TASK GOAL: Give again, unaltered, the lines of the listing below that run from the line having "So, what 3D" through the line having "name: (x, y, z);".

MATERIAL FOR THIS EXERCISE:
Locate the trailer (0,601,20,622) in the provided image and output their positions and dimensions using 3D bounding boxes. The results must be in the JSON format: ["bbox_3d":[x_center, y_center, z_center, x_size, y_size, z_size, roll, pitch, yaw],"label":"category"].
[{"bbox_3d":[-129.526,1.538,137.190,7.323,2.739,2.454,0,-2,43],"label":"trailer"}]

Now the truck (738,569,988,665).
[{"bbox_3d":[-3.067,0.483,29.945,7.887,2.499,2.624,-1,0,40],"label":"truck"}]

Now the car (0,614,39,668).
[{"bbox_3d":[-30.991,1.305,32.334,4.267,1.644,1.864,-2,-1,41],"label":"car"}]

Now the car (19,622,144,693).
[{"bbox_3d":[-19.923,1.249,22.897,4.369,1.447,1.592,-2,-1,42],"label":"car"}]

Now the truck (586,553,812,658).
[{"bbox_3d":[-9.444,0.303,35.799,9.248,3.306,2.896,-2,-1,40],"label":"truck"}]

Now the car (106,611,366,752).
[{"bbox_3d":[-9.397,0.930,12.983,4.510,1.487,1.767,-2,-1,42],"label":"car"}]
...
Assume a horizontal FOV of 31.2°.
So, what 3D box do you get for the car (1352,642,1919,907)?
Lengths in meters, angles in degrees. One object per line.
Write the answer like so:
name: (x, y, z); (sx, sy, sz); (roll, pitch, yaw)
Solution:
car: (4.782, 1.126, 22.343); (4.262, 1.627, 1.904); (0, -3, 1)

ANSWER:
So, what 3D box do you get for the car (1352,642,1919,907)?
Lengths in meters, angles in degrees. One object per line.
Write the answer like so:
name: (x, y, z); (sx, sy, sz); (roll, pitch, yaw)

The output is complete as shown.